EXERCISE OBJECTIVE:
Lift out each line of the data that holds "Hole".

MATERIAL FOR THIS TASK:
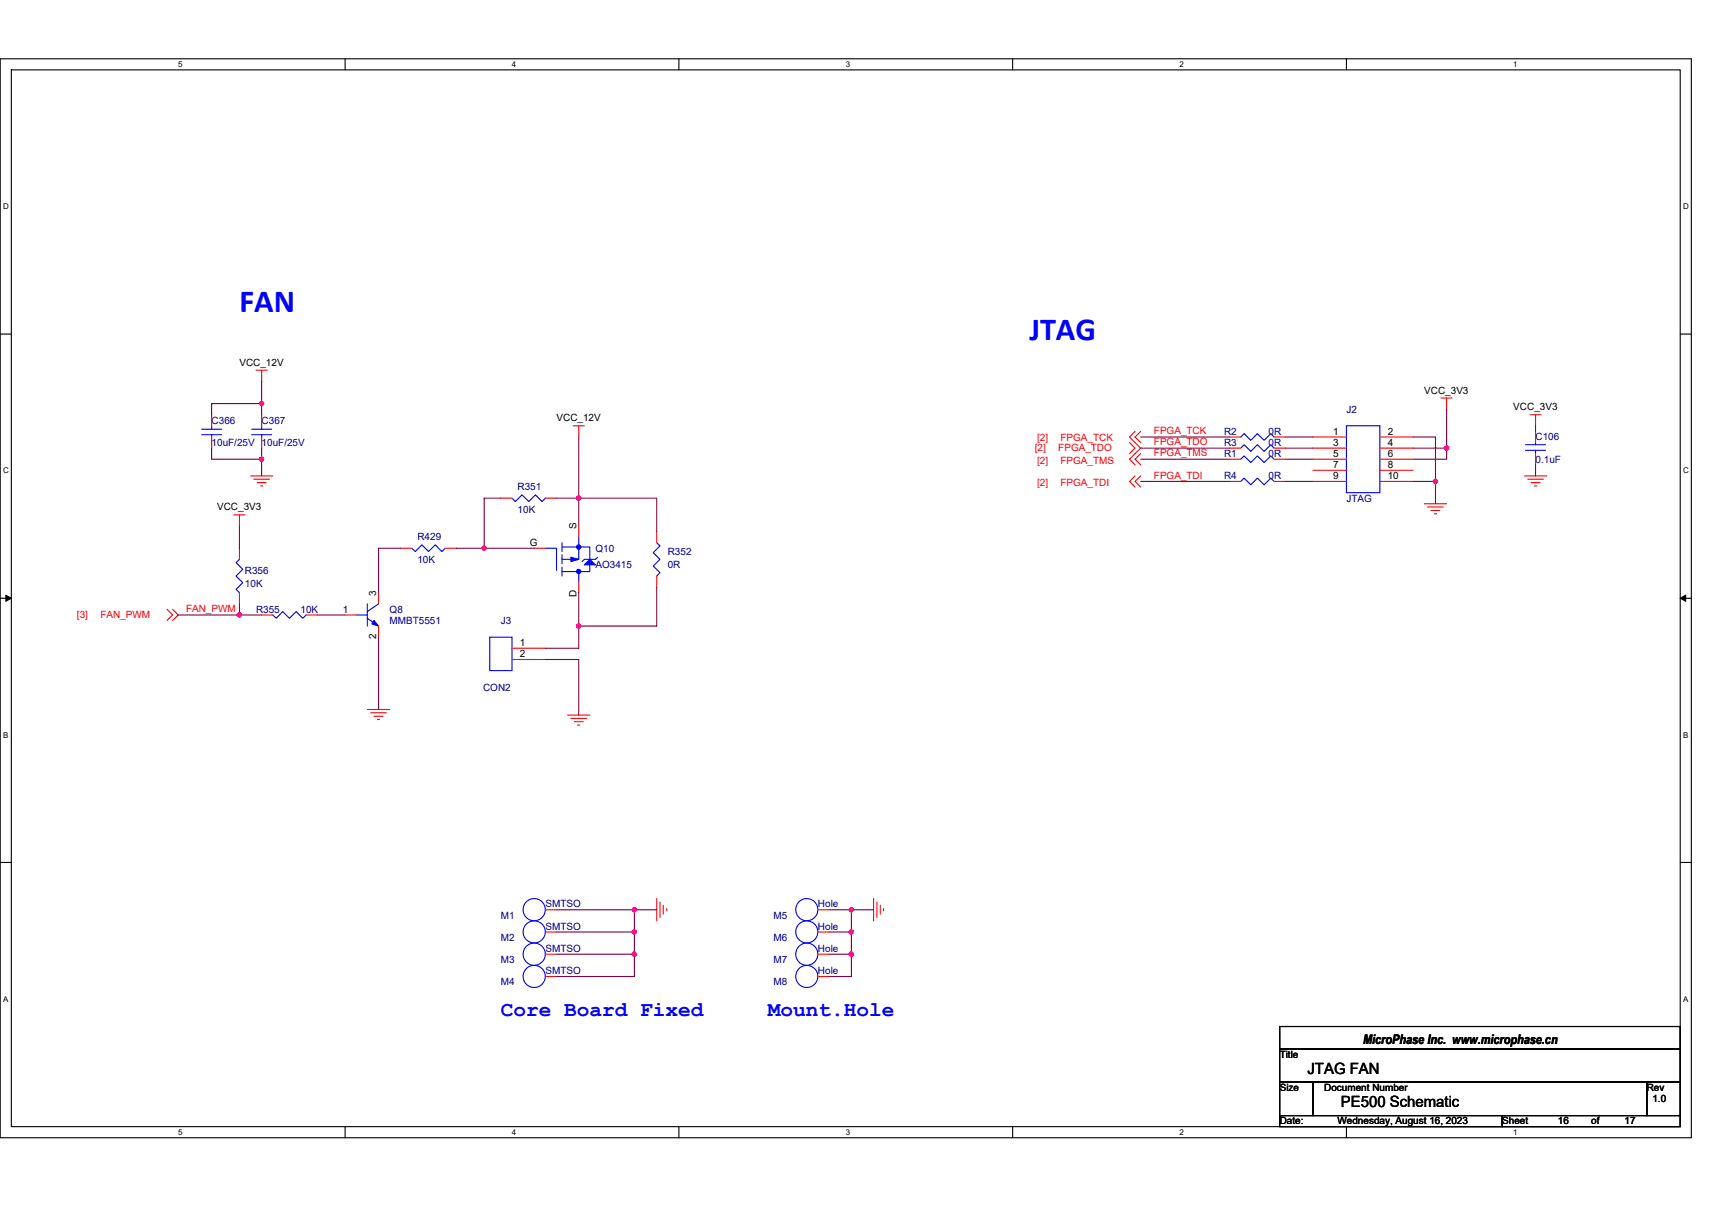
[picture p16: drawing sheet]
<svg xmlns="http://www.w3.org/2000/svg" width="297mm" height="210mm" viewBox="0 0 297 210" stroke-linecap="round" stroke-linejoin="round" font-family="sans-serif">
<defs><g id="words">
<g font-size="5.6" fill="#00f">
<text x="41.5" y="54.1">FAN</text>
<text x="178.6" y="58.9">JTAG</text>
</g>
<g font-size="3.7" fill="#00f">
<text x="86.9" y="176.4">Core Board Fixed</text>
<text x="133.2" y="176.4">Mount.Hole</text>
</g>
<g font-size="2.7">
<text x="226.9" y="186.3">JTAG FAN</text>
<text x="232.6" y="192.1">PE500 Schematic</text>
</g>
<text font-size="2.3" x="236.5" y="181.1">MicroPhase Inc. www.microphase.cn</text>
<g font-size="1.7">
<text x="41.5" y="63.5">VCC_12V</text>
<text x="247.1" y="68.3">VCC_3V3</text>
<text x="262.6" y="71.2">VCC_3V3</text>
<text x="96.6" y="73.1">VCC_12V</text>
<text x="231.3" y="75.4">1</text>
<text x="231.3" y="77.4">3</text>
<text x="240.8" y="75.4">2</text>
<text x="240.8" y="77.4">4</text>
<text x="231.3" y="79.3">5</text>
<text x="231.3" y="81.2">7</text>
<text x="231.3" y="83.1">9</text>
<text x="240.8" y="79.3">6</text>
<text x="240.8" y="81.2">8</text>
<text x="240.8" y="83.1">10</text>
<text x="37.7" y="88.6">VCC_3V3</text>
<text x="91.9" y="94.7">G</text>
<text x="100" y="91.8" transform="rotate(-90 100 91.8)">S</text>
<text x="59.5" y="106.3">1</text>
<text x="65.3" y="103.4" transform="rotate(-90 65.3 103.4)">3</text>
<text x="100" y="103.5" transform="rotate(-90 100 103.5)">D</text>
<text x="65.3" y="111" transform="rotate(-90 65.3 111)">2</text>
<text x="90.2" y="112.1">1</text>
<text x="90.2" y="114">2</text>
<text x="222" y="183.6">Title</text>
<text x="222" y="189.3">Size</text>
<text x="229.8" y="189.3">Document Number</text>
<text x="285.7" y="189.3">Rev</text>
<text x="286.7" y="191.3">1.0</text>
<text x="222" y="195.1">Date:</text>
<text x="232.1" y="195.1">Wednesday, August 16, 2023</text>
<text x="260.6" y="195.1">Sheet</text>
<text x="270.3" y="195.1">16</text>
<text x="276.1" y="195.1">of</text>
<text x="281.9" y="195.1">17</text>
</g>
<g font-size="1.7" fill="#000080">
<text x="233.6" y="71.6">J2</text>
<text x="36.7" y="73.5">C366</text>
<text x="36.7" y="77.4">10uF/25V 10uF/25V</text>
<text x="45.4" y="73.5">C367</text>
<text x="212.4" y="77.4">R3</text>
<text x="212.4" y="75.4">R2</text>
<text x="220.1" y="77.4">0R</text>
<text x="220.1" y="75.4">0R</text>
<text x="266.4" y="76.4">C106</text>
<text x="212.4" y="83.2">R4</text>
<text x="212.4" y="79.3">R1</text>
<text x="220.1" y="83.2">0R</text>
<text x="220.1" y="79.3">0R</text>
<text x="266.4" y="80.3">0.1uF</text>
<text x="89.8" y="85.1">R351</text>
<text x="89.8" y="89">10K</text>
<text x="233.6" y="87">JTAG</text>
<text x="72.4" y="93.8">R429</text>
<text x="103.3" y="95.7">Q10</text>
<text x="42.5" y="99.6">R356</text>
<text x="42.5" y="101.9">10K</text>
<text x="72.4" y="97.6">10K</text>
<text x="103.3" y="98.6">AO3415</text>
<text x="115.9" y="96.3">R352</text>
<text x="115.9" y="98.6">0R</text>
<text x="44.4" y="106.3">R355</text>
<text x="52.2" y="106.3">10K</text>
<text x="67.6" y="106.3">Q8</text>
<text x="67.6" y="108.3">MMBT5551</text>
<text x="86.9" y="108.3">J3</text>
<text x="83.8" y="119.8">CON2</text>
<text x="86.9" y="159.4">M1</text>
<text x="94.6" y="157.5">SMTSO</text>
<text x="94.6" y="161.4">SMTSO</text>
<text x="134.2" y="159.4">M5</text>
<text x="141.9" y="157.5">Hole</text>
<text x="141.9" y="161.4">Hole</text>
<text x="86.9" y="167.1">M3</text>
<text x="86.9" y="163.3">M2</text>
<text x="94.6" y="165.2">SMTSO</text>
<text x="134.2" y="163.3">M6</text>
<text x="134.2" y="167.1">M7</text>
<text x="141.9" y="165.2">Hole</text>
<text x="86.9" y="171">M4</text>
<text x="94.6" y="169.1">SMTSO</text>
<text x="134.2" y="171">M8</text>
<text x="141.9" y="169.1">Hole</text>
</g>
<g font-size="1.7" fill="#f00">
<text x="180" y="76.6">[2]</text>
<text x="184" y="76.6">FPGA_TCK</text>
<text x="200.2" y="75.4">FPGA_TCK</text>
<text x="200.2" y="77.3">FPGA_TDO</text>
<text x="179.6" y="78.3">[2]</text>
<text x="180" y="80.5">[2]</text>
<text x="183.6" y="78.3">FPGA_TDO</text>
<text x="184" y="80.5">FPGA_TMS</text>
<text x="200.2" y="79.2">FPGA_TMS</text>
<text x="200.2" y="83.1">FPGA_TDI</text>
<text x="180" y="84.3">[2]</text>
<text x="184" y="84.3">FPGA_TDI</text>
<text x="13.4" y="107.3">[3]</text>
<text x="17.4" y="107.3">FAN_PWM</text>
<text x="32.3" y="106.2">FAN_PWM</text>
</g>
<g font-size="1.4">
<text x="30.9" y="11.7">5</text>
<text x="88.8" y="11.7">4</text>
<text x="146.7" y="11.7">3</text>
<text x="204.7" y="11.7">2</text>
<text x="262.6" y="11.7">1</text>
<text x=".5" y="36.3">D</text>
<text x="292" y="36.3">D</text>
<text x=".5" y="82.1">C</text>
<text x="292" y="82.1">C</text>
<text x=".5" y="128">B</text>
<text x="292" y="128">B</text>
<text x=".5" y="173.8">A</text>
<text x="292" y="173.8">A</text>
<text x="30.9" y="197">5</text>
<text x="88.8" y="197">4</text>
<text x="146.7" y="197">3</text>
<text x="204.7" y="197">2</text>
<text x="262.6" y="197">1</text>
</g>
</g></defs>
<path d="M0 10.2h293.5v187.2h-293.5zM2 12.1h289.5v183.4h-289.5z" fill="none" stroke="#000" stroke-width=".19"/>
<g fill="#fff">
<path d="M30.9 10.4h.8v1.6h-.8z"/>
<path d="M30.9 195.7h.8v1.6h-.8z"/>
</g>
<path d="M59.9 10.2v1.9M59.9 195.5v1.9" fill="none" stroke="#000" stroke-width=".19"/>
<g fill="#fff">
<path d="M88.8 10.4h.8v1.6h-.8z"/>
<path d="M88.8 195.7h.8v1.6h-.8z"/>
</g>
<path d="M117.8 10.2v1.9M117.8 195.5v1.9" fill="none" stroke="#000" stroke-width=".19"/>
<g fill="#fff">
<path d="M146.7 10.4h.8v1.6h-.8z"/>
<path d="M146.7 195.7h.8v1.6h-.8z"/>
</g>
<path d="M175.7 10.2v1.9M175.7 195.5v1.9" fill="none" stroke="#000" stroke-width=".19"/>
<g fill="#fff">
<path d="M204.7 10.4h.7v1.6h-.7z"/>
<path d="M204.7 195.7h.7v1.6h-.7z"/>
</g>
<path d="M233.6 10.2v1.9M233.6 195.5v1.9" fill="none" stroke="#000" stroke-width=".19"/>
<g fill="#fff">
<path d="M262.6 10.4h.7v1.6h-.7z"/>
<path d="M262.6 195.7h.7v1.6h-.7z"/>
<path d="M.5 35.1h1v1.5h-1z"/>
<path d="M292 35.1h1v1.5h-1z"/>
<path d="M.5 80.9h1v1.5h-1z"/>
<path d="M292 80.9h1v1.5h-1z"/>
</g>
<path d="M0 58h2M291.5 58h2" fill="none" stroke="#000" stroke-width=".19"/>
<g fill="#fff">
<path d="M.5 126.7h.9v1.6h-.9z"/>
<path d="M292 126.7h.9v1.6h-.9z"/>
</g>
<path d="M0 103.8h2M291.5 103.8h2" fill="none" stroke="#000" stroke-width=".19"/>
<path d="M1 103.3l1 .5-1 .6zM291.5 103.8l1-.5v1.1z" fill="#000" stroke="#000" stroke-width=".17"/>
<g fill="#fff">
<path d="M.5 172.6h.9v1.5h-.9z"/>
<path d="M292 172.6h.9v1.5h-.9z"/>
</g>
<path d="M0 149.7h2M291.5 149.7h2M222 178.1h69.5v3.9h-69.5zM222 182h69.5v5.8h-69.5zM222 187.8h5.8v5.8h-5.8zM222 193.6h38.6v1.9h-38.6zM227.8 187.8h57.9v5.8h-57.9zM260.6 193.6h30.9v1.9h-30.9zM285.7 187.8h5.8v5.8h-5.8z" fill="none" stroke="#000" stroke-width=".19"/>
<g fill="none" stroke="#f00" stroke-width=".19">
<path d="M36.7 75.8v2M36.7 72v1.9M44.4 64.2h2M45.4 64.2v2M45.4 75.8v2M45.4 72v1.9M99.5 73.9h1.9M100.4 73.9v1.9M196 76.8l.9 1-.9 .9M196.9 74.9l-.9 .9 1.9 2-1.9 1.9 .9 1M197.9 74.9l-1 .9 1 1M197.9 78.7l-1 1 1 1"/>
<path d="M213.3 79.7h2M213.3 77.8h2M213.3 75.8h2M221.1 79.7h1.9M221.1 77.8h1.9M221.1 75.8h1.9M227.8 75.8h5.8M227.8 77.8h5.8M227.8 79.7h5.8M239.4 75.8h5.8M239.4 77.8h5.8M239.4 79.7h5.8"/>
<path d="M250 69.1h1.9M251 69.1v1.9M265.5 72h1.9M266.4 72v1.9M266.4 74.9v1.9M266.4 78.7v2M40.6 89.3h1.9M41.5 89.3v2M41.5 95.1v2M43.5 82.6h3.8M44 83.2h2.8M44.6 83.8h1.6"/>
<path d="M45.2 84.3h.4M69.5 95.1h2M77.3 95.1h1.9M86.9 86.4h1.9M92.7 95.1h1.9M94.6 86.4h2M100.4 91.3v1.9M113.9 92.2v2M113.9 100v1.9M196.9 82.6l-.9 .9 .9 1M197.9 82.6l-1 .9 1 1M213.3 83.5h2"/>
<path d="M221.1 83.5h1.9M227.8 81.6h5.8M227.8 83.5h5.8M239.4 81.6h5.8M239.4 83.5h5.8M247.1 87.4h3.9M247.7 88h2.7M248.3 88.6h1.5M248.9 89.2h.4M264.5 82.6h3.9M265.1 83.2h2.7M265.7 83.8h1.5"/>
<path d="M266.2 84.3h.4M29 105.7l.9 1-.9 1M29.9 105.7l1 1-1 1M41.5 102.8v2M45.4 106.7h1.9M53.1 106.7h2M59.9 106.7h1.9M65.7 108.6v2M65.7 102.8v2M88.8 112.5h5.8M88.8 114.4h5.8M100.4 100.9v1.9"/>
<path d="M63.7 123.1h3.9M64.3 123.7h2.7M64.9 124.3h1.5M65.5 124.9h.4M98.5 124.1h3.8M99.1 124.7h2.7M99.6 125.2h1.6M100.2 125.8h.4M94.6 157.9h2M113.9 155.9v3.9M114.5 156.5v2.7M115.1 157.1v1.5"/>
<path d="M115.7 157.7v.4M141.9 157.9h1.9M151.6 155.9v3.9M152.1 156.5v2.7M152.7 157.1v1.5M153.3 157.7v.4M94.6 165.6h2M94.6 161.7h2M94.6 169.5h2M141.9 169.5h1.9M141.9 161.7h1.9M141.9 165.6h1.9"/>
</g>
<g fill="none" stroke="#00f" stroke-width=".19">
<path d="M35 74.5h3.5M35 75.4h3.5M36.7 75.4v.4M36.7 73.9v.6M43.7 74.5h3.4M43.7 75.4h3.4M45.4 75.4v.4M45.4 73.9v.6M215.3 79.7l.6-.6 1.1 1.2 1.2-1.2 1.1 1.2 1.2-1.2 .6 .6M215.3 77.8l.6-.6 1.1 1.1 1.2-1.1 1.1 1.1 1.2-1.1 .6 .6M215.3 75.8l.6-.6 1.1 1.2 1.2-1.2 1.1 1.2 1.2-1.2 .6 .6M233.6 73.9h5.8v11.6h-5.8z"/>
<path d="M264.7 78.1h3.5M264.7 77.2h3.5M266.4 76.8v.4M266.4 78.1v.6M41.5 97.1l-.5 .5 1.1 1.2-1.1 1.2 1.1 1.1-1.1 1.2 .5 .5M71.5 95.1l.5 .6 1.2-1.1 1.2 1.1 1.1-1.1 1.2 1.1 .6-.6M88.8 86.4l.6 .6 1.2-1.1 1.1 1.1 1.2-1.1 1.1 1.1 .6-.6M94.6 95.1h2v3.9M97.5 94.2v1.5M97.5 96.3v1.5M97.5 98.4v1.6M97.5 94.9h4.8v2.2"/>
<path d="M100.4 99.2v1.7M100.4 93.2v3.9h-2.9M102.3 98v1.2h-4.8M103.7 96.7l-.4 .4h-1.9l-.4 .4M113.9 94.2l.6 .5-1.2 1.2 1.2 1.2-1.2 1.1 1.2 1.2-.6 .6M215.3 83.5l.6-.5 1.1 1.1 1.2-1.1 1.1 1.1 1.2-1.1 .6 .5M47.3 106.7l.6 .6 1.2-1.2 1.1 1.2 1.2-1.2 1.1 1.2 .6-.6M61.8 106.7h1.9M63.7 104.8v3.8M63.7 107.3l2 1.3M65.7 104.8l-2 1.3M85 110.6h3.8v5.8h-3.8z"/>
<circle cx="92.7" cy="157.9" r="1.93"/>
<circle cx="140" cy="157.9" r="1.92"/>
<circle cx="92.7" cy="165.6" r="1.93"/>
<circle cx="92.7" cy="161.7" r="1.92"/>
<circle cx="92.7" cy="169.4" r="1.92"/>
<circle cx="140" cy="165.6" r="1.92"/>
<circle cx="140" cy="161.7" r="1.92"/>
<circle cx="140" cy="169.4" r="1.92"/>
</g>
<g fill="#00f" stroke="#00f" stroke-width=".19">
<path d="M64.9 107.7l.8 .9-1.2-.3z" fill-rule="evenodd"/>
<path d="M101.4 98l.9-.9 1 .9z" fill-rule="evenodd"/>
<path d="M99.1 96.7l1.3 .4-1.3 .4z" fill-rule="evenodd"/>
<circle cx="100.4" cy="94.9" r=".38"/>
<circle cx="100.4" cy="99.2" r=".38"/>
</g>
<g fill="none" stroke="#800040" stroke-width=".19">
<path d="M36.7 77.8v1.9h8.7M45.4 70h-8.7v2M45.4 66.2v5.8M45.4 77.8v1.9M45.4 79.7v2.9M100.4 75.8v10.6M197.9 77.8h15.4M197.9 79.7h15.4M197.9 75.8h15.4M223 79.7h4.8M223 75.8h4.8M223 77.8h4.8"/>
<path d="M245.2 75.8h3.9v7.7M245.2 77.8h5.8M251 71v6.8M251 77.8v1.9h-5.8M266.4 73.9v1M41.5 91.3v3.8M69.5 95.1h-3.8v7.7M79.2 95.1h4.8M84 95.1h8.7M86.9 86.4h-2.9v8.7M96.6 86.4h3.8M100.4 86.4h13.5v5.8"/>
<path d="M100.4 86.4v4.9M197.9 83.5h15.4M223 83.5h4.8M245.2 83.5h3.9v3.9M266.4 80.7v1.9M30.9 106.7h10.6M41.5 104.8v1.9h3.9M55.1 106.7h4.8M65.7 110.6v12.5M94.6 114.4h5.8v9.7M100.4 108.6v3.9h-5.8M100.4 102.8v5.8"/>
<path d="M113.9 101.9v6.7h-13.5M96.6 157.9h13.5M110.1 157.9v3.8M110.1 157.9h3.8M143.8 157.9h3.9M147.7 157.9v3.8M147.7 157.9h3.9M96.6 165.6h13.5M96.6 161.7h13.5M110.1 161.7v3.9M110.1 165.6v3.9h-13.5M143.8 165.6h3.9"/>
<path d="M143.8 161.7h3.9M147.7 161.7v3.9M147.7 165.6v3.9h-3.9"/>
</g>
<g fill="#f0f" stroke="#f0f" stroke-width=".19">
<circle cx="110" cy="165.6" r=".38"/>
<circle cx="110" cy="161.7" r=".38"/>
<circle cx="110" cy="157.9" r=".38"/>
<circle cx="147.7" cy="161.7" r=".38"/>
<circle cx="147.7" cy="157.9" r=".38"/>
<circle cx="147.7" cy="165.6" r=".38"/>
<circle cx="249" cy="83.5" r=".38"/>
<circle cx="251" cy="77.8" r=".38"/>
<circle cx="45.4" cy="79.7" r=".38"/>
<circle cx="45.4" cy="70" r=".38"/>
<circle cx="100.4" cy="108.6" r=".38"/>
<circle cx="84" cy="95.1" r=".38"/>
<circle cx="100.4" cy="86.4" r=".38"/>
<circle cx="41.5" cy="106.7" r=".38"/>
</g>
<use href="#words"/>
</svg>

WRITTEN ANSWER:
<text x="133.2" y="176.4">Mount.Hole</text>
<text x="141.9" y="157.5">Hole</text>
<text x="141.9" y="161.4">Hole</text>
<text x="141.9" y="165.2">Hole</text>
<text x="141.9" y="169.1">Hole</text>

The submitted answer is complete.